ÀS VEZES, a vida apronta das suas e nos surpreende nos momentos mais inesperados. Caminhando pela Avenida Paulista, na altura do MASP, em São Paulo, Eduardo se viu imerso nos sons e atropelos de uma metrópole agitada. Seus passos rápidos denunciavam uma rotina enervante ao tempo em que seu olhar vagava, curioso, pelas faces anônimas que cruzavam num vai e vem desordenado. Foi aí que aconteceu. Ela surgiu como um raio de luz em meio à multidão. Vestida de forma simples, porém com uma elegância impar e um ar de sofisticação, suas emoções cintilavam com um amálgama de mistério e ternura. Eduardo não conseguiu desviar a atenção, sentindo uma discrepância diferente, pesada e inexplicável.
Então, em um instante que lhe pareceu dulcificado, seus olhares se galantearam por breves segundos. O bastante, para que o mundo ao redor se dissolvesse em uma espécie rara de acolhimento. Sem pensar, sem hesitar, ele se aproximou. Se mediram da cabeça aos pés.

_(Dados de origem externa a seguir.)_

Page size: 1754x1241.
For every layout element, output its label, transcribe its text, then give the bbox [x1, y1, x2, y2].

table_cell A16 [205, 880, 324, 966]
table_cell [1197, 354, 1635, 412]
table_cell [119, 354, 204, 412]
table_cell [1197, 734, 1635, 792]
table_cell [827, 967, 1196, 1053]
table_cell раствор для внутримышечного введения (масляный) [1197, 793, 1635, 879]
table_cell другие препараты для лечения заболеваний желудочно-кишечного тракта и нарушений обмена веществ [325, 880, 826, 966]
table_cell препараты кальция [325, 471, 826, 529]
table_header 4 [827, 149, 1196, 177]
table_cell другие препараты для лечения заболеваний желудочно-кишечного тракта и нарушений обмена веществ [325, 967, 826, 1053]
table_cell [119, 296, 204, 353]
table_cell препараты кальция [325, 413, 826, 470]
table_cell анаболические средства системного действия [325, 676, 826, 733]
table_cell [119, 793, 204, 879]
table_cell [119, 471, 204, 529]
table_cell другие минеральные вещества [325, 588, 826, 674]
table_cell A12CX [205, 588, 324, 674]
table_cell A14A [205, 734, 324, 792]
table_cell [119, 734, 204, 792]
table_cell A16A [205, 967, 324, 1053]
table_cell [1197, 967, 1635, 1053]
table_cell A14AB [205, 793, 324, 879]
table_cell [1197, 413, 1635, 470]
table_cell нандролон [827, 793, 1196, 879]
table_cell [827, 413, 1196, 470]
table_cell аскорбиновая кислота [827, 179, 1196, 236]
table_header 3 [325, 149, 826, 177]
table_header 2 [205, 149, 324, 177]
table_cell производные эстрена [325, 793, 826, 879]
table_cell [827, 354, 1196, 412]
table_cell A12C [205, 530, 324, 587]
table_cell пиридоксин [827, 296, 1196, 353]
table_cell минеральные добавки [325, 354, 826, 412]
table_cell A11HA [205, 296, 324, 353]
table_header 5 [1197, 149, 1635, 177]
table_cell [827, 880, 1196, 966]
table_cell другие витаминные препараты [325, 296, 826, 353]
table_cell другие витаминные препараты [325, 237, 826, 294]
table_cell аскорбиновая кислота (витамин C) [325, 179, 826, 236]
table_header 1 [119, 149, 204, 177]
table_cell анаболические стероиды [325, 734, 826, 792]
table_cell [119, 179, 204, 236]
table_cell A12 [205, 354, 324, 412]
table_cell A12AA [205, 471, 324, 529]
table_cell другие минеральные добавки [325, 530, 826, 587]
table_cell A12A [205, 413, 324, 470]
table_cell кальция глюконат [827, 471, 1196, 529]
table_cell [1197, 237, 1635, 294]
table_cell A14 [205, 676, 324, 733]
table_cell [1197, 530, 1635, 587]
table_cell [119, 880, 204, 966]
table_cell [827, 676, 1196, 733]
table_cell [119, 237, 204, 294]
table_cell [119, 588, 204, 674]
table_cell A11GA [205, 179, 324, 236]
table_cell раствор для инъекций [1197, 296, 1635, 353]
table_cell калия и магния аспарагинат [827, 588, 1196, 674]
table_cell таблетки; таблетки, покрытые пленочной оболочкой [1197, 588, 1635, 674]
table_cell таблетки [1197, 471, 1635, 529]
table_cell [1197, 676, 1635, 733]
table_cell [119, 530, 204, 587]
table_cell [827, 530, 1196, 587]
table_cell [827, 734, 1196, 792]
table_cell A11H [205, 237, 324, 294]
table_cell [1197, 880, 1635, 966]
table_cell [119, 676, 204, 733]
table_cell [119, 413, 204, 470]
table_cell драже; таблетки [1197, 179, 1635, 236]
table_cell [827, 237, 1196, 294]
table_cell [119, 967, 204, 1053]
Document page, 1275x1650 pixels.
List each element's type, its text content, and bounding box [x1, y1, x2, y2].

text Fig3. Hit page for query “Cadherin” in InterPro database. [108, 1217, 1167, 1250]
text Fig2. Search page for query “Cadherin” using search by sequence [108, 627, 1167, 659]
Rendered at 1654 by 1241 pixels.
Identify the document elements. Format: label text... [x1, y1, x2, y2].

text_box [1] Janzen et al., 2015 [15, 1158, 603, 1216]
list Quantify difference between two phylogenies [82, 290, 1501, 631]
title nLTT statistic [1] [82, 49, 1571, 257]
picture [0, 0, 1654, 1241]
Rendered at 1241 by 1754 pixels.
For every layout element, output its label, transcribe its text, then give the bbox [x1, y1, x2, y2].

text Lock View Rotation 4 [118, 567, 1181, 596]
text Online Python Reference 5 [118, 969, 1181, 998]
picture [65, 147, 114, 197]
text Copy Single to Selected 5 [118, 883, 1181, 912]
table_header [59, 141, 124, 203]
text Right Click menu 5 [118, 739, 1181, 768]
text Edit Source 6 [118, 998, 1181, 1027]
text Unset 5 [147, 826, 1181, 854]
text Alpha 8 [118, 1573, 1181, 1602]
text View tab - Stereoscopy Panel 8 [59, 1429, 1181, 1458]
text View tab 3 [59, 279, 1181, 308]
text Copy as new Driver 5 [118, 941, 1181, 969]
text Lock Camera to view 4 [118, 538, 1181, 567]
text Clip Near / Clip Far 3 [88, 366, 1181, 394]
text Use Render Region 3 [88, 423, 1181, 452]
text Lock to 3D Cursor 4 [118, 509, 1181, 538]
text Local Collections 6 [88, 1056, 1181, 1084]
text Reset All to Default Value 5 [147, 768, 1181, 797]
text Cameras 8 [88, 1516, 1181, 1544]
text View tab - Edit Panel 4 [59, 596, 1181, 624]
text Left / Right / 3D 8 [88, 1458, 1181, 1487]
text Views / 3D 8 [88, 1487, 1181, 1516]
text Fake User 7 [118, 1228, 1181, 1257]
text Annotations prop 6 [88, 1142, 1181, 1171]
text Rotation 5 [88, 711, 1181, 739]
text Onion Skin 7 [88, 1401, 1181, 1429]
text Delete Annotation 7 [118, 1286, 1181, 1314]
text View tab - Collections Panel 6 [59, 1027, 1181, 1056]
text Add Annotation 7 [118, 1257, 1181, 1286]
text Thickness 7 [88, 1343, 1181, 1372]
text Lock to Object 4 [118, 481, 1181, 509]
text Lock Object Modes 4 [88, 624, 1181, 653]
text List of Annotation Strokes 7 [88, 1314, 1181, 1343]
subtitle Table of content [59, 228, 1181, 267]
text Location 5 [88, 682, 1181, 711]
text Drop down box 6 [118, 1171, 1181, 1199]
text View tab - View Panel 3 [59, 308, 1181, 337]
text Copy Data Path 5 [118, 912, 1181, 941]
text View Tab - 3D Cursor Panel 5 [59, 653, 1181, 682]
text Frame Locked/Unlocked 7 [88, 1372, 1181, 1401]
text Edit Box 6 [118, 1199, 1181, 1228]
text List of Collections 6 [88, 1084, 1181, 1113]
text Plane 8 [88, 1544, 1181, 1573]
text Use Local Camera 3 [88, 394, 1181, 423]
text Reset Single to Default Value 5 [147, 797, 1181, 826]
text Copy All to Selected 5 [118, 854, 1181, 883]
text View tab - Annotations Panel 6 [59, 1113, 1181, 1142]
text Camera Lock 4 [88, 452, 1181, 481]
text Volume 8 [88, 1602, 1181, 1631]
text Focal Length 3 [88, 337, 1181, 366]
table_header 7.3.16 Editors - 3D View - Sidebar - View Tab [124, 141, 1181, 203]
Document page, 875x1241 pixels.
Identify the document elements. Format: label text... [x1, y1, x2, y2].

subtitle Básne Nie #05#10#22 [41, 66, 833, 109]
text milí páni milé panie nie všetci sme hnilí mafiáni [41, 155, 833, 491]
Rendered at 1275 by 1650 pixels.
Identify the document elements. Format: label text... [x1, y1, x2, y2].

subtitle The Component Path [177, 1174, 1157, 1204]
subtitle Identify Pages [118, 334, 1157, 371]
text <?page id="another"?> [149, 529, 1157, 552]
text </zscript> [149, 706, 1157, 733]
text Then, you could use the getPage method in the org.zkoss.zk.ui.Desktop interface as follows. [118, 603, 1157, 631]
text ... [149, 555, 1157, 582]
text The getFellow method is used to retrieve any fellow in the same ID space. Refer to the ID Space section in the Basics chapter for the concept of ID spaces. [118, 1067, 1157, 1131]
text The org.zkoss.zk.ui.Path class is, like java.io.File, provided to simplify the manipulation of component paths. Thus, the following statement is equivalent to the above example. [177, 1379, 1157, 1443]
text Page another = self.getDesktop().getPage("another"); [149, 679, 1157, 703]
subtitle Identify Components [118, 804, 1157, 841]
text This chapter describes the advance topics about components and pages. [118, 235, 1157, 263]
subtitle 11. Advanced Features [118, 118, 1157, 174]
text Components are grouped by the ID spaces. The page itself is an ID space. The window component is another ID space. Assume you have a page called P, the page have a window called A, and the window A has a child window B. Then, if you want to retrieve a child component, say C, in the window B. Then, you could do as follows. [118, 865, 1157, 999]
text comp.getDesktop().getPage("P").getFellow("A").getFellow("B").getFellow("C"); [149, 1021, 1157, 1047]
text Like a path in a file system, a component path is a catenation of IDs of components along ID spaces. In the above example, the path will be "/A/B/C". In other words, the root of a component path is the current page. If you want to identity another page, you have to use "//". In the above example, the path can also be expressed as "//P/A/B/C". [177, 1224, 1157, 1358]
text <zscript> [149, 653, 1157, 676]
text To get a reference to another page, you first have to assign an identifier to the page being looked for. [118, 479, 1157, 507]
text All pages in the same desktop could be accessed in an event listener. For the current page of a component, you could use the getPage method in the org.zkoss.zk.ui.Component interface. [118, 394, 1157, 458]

Não trocavam palavras. Apenas o silêncio da linguagem do amor pairando acima de suas cabeças. Antes que ele percebesse, estava tão próximo dela que podia sentir o calor da respiração e até as batidas descompassadas do coração daquela princesa. O beijo aconteceu partindo dele. E ela, se permitiu sem se constranger em meio aos apressados que se esbarravam, uns aos outros, naquela cadência incessante do ir e vir.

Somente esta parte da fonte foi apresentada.